### Task input
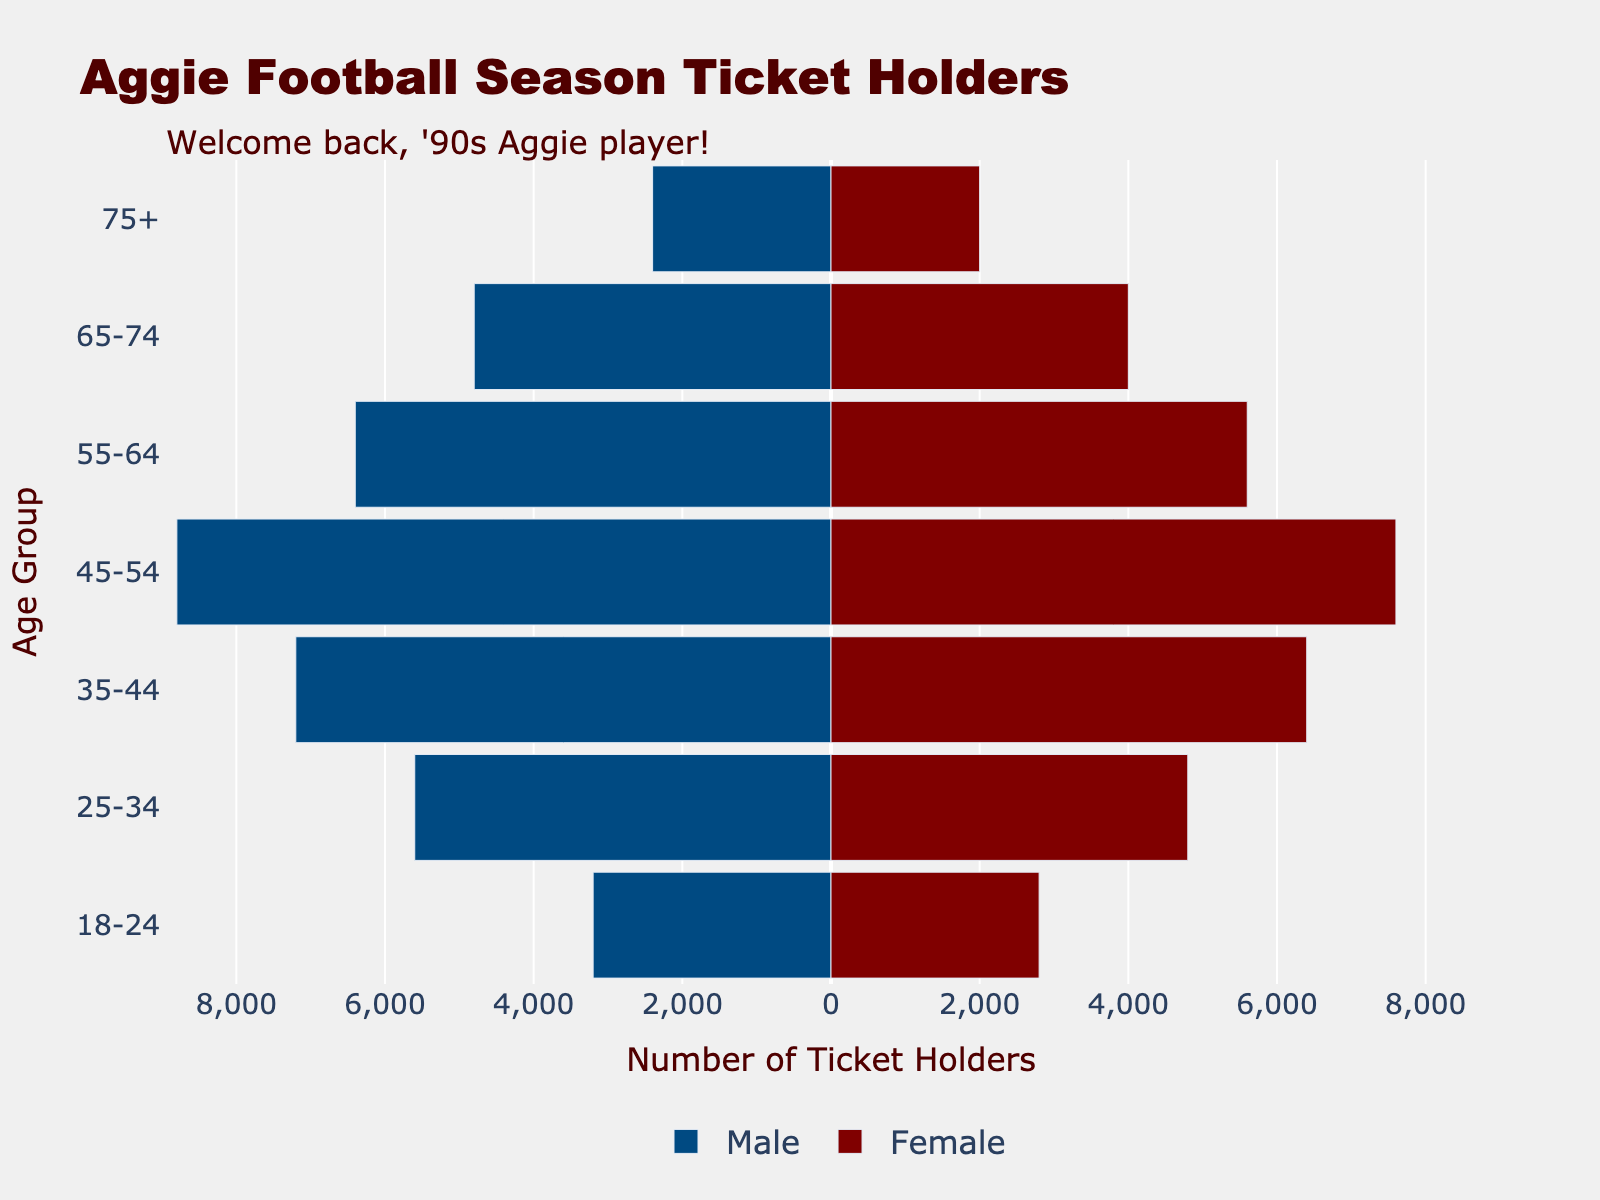What is the title of the figure? The title of the figure is located at the top and usually provides a brief overview of what the figure is about. In this case, the title reads "Aggie Football Season Ticket Holders".
Answer: Aggie Football Season Ticket Holders How many age groups are represented in the figure? By looking at the Y-axis, we can count the distinct age ranges provided which represent different age groups. These are: "18-24", "25-34", "35-44", "45-54", "55-64", "65-74", and "75+".
Answer: 7 Which age group has the highest number of male ticket holders? To identify the age group with the highest number of male ticket holders, examine the bars on the left side (representing males) and find the longest bar. The bar for the age group "45-54" is the longest.
Answer: 45-54 What is the total number of ticket holders aged 55-64? To find the total number of ticket holders aged 55-64, sum the number of male and female ticket holders in this age group. Males: 6400, Females: 5600, Total: 6400 + 5600.
Answer: 12000 Compare the number of female ticket holders aged 25-34 and 35-44. Which group has more? To compare, look at the bars representing females for these age groups. For the "25-34" group, the value is 4800. For the "35-44" group, the value is 6400.
Answer: 35-44 What is the difference in the number of male ticket holders between the age groups 45-54 and 65-74? To find the difference, subtract the number of male ticket holders in the age group "65-74" from the number in the age group "45-54". 8800 (45-54) - 4800 (65-74).
Answer: 4000 Which gender has more ticket holders aged 75+? To determine which gender has more ticket holders in the age group "75+", compare the values for males and females. Males: 2400, Females: 2000.
Answer: Male What is the average number of female ticket holders across all age groups? To calculate the average, sum the number of female ticket holders in all age groups and divide by the total number of age groups. (2800 + 4800 + 6400 + 7600 + 5600 + 4000 + 2000) / 7.
Answer: 4742.86 Is there an age group where the number of male and female ticket holders are equal? Check each age group to see if the number of male and female ticket holders are the same. From the figure, no age group has equal numbers for both genders.
Answer: No What is the median number of male ticket holders across all age groups? To find the median, first, list the number of male ticket holders in order: 2400, 3200, 4800, 5600, 6400, 7200, 8800. The median is the middle value.
Answer: 5600 
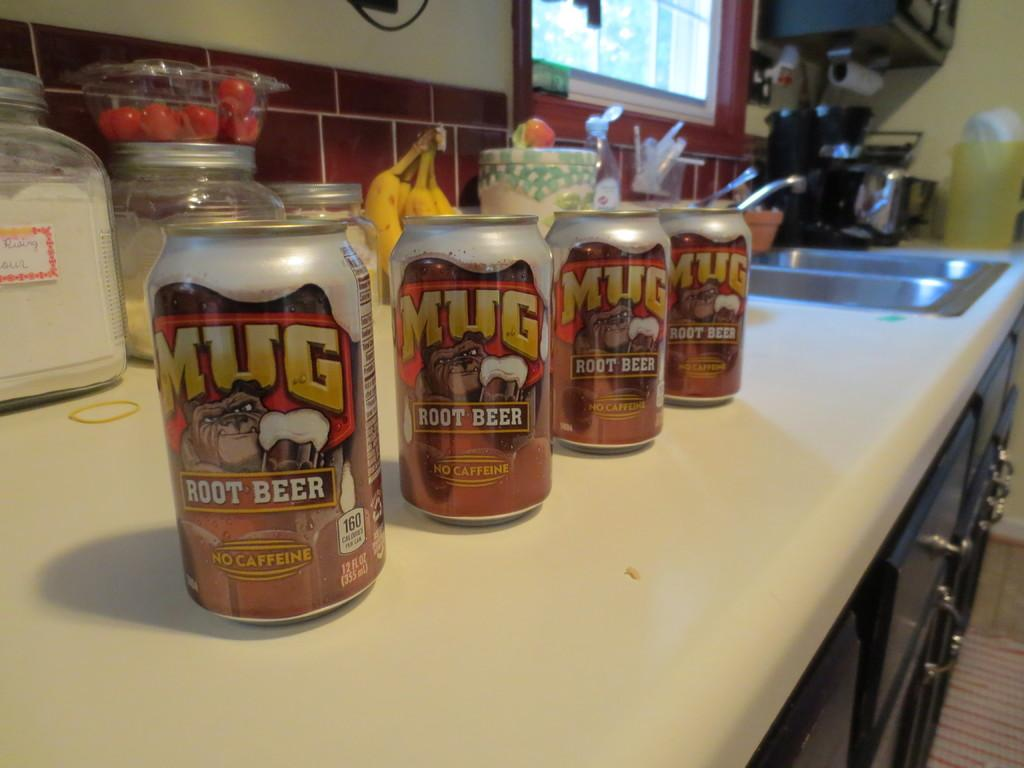How many tin bottles are visible in the image? There are 4 tin bottles in the image. What other containers can be seen in the image? There are jars in the image. What type of food items are present in the image? There are tomatoes and bananas in the image. What is the primary feature of the room in the image? There is a sink and cupboards in the image, suggesting it is a kitchen or food preparation area. What can be seen in the background of the image? There is a wall and a window in the background of the image. How many corks are on the floor in the image? There are no corks present in the image. What type of music instrument is being played by the girls in the image? There are no girls or guitar present in the image. 
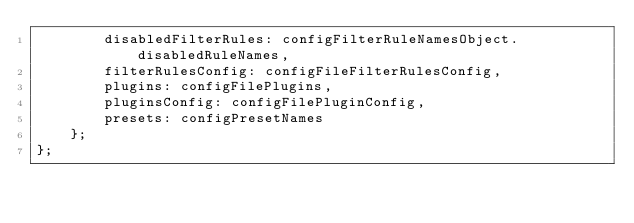Convert code to text. <code><loc_0><loc_0><loc_500><loc_500><_TypeScript_>        disabledFilterRules: configFilterRuleNamesObject.disabledRuleNames,
        filterRulesConfig: configFileFilterRulesConfig,
        plugins: configFilePlugins,
        pluginsConfig: configFilePluginConfig,
        presets: configPresetNames
    };
};
</code>

### What you should do
An image-free, exact version of the listing above is required.

### Completed task
What is the title of the figure? The title of the figure is located at the top and usually provides a brief overview of what the figure is about. In this case, the title reads "Aggie Football Season Ticket Holders".
Answer: Aggie Football Season Ticket Holders How many age groups are represented in the figure? By looking at the Y-axis, we can count the distinct age ranges provided which represent different age groups. These are: "18-24", "25-34", "35-44", "45-54", "55-64", "65-74", and "75+".
Answer: 7 Which age group has the highest number of male ticket holders? To identify the age group with the highest number of male ticket holders, examine the bars on the left side (representing males) and find the longest bar. The bar for the age group "45-54" is the longest.
Answer: 45-54 What is the total number of ticket holders aged 55-64? To find the total number of ticket holders aged 55-64, sum the number of male and female ticket holders in this age group. Males: 6400, Females: 5600, Total: 6400 + 5600.
Answer: 12000 Compare the number of female ticket holders aged 25-34 and 35-44. Which group has more? To compare, look at the bars representing females for these age groups. For the "25-34" group, the value is 4800. For the "35-44" group, the value is 6400.
Answer: 35-44 What is the difference in the number of male ticket holders between the age groups 45-54 and 65-74? To find the difference, subtract the number of male ticket holders in the age group "65-74" from the number in the age group "45-54". 8800 (45-54) - 4800 (65-74).
Answer: 4000 Which gender has more ticket holders aged 75+? To determine which gender has more ticket holders in the age group "75+", compare the values for males and females. Males: 2400, Females: 2000.
Answer: Male What is the average number of female ticket holders across all age groups? To calculate the average, sum the number of female ticket holders in all age groups and divide by the total number of age groups. (2800 + 4800 + 6400 + 7600 + 5600 + 4000 + 2000) / 7.
Answer: 4742.86 Is there an age group where the number of male and female ticket holders are equal? Check each age group to see if the number of male and female ticket holders are the same. From the figure, no age group has equal numbers for both genders.
Answer: No What is the median number of male ticket holders across all age groups? To find the median, first, list the number of male ticket holders in order: 2400, 3200, 4800, 5600, 6400, 7200, 8800. The median is the middle value.
Answer: 5600 
How many tin bottles are visible in the image? There are 4 tin bottles in the image. What other containers can be seen in the image? There are jars in the image. What type of food items are present in the image? There are tomatoes and bananas in the image. What is the primary feature of the room in the image? There is a sink and cupboards in the image, suggesting it is a kitchen or food preparation area. What can be seen in the background of the image? There is a wall and a window in the background of the image. How many corks are on the floor in the image? There are no corks present in the image. What type of music instrument is being played by the girls in the image? There are no girls or guitar present in the image. 
Convert code to text. <code><loc_0><loc_0><loc_500><loc_500><_TypeScript_>        disabledFilterRules: configFilterRuleNamesObject.disabledRuleNames,
        filterRulesConfig: configFileFilterRulesConfig,
        plugins: configFilePlugins,
        pluginsConfig: configFilePluginConfig,
        presets: configPresetNames
    };
};
</code>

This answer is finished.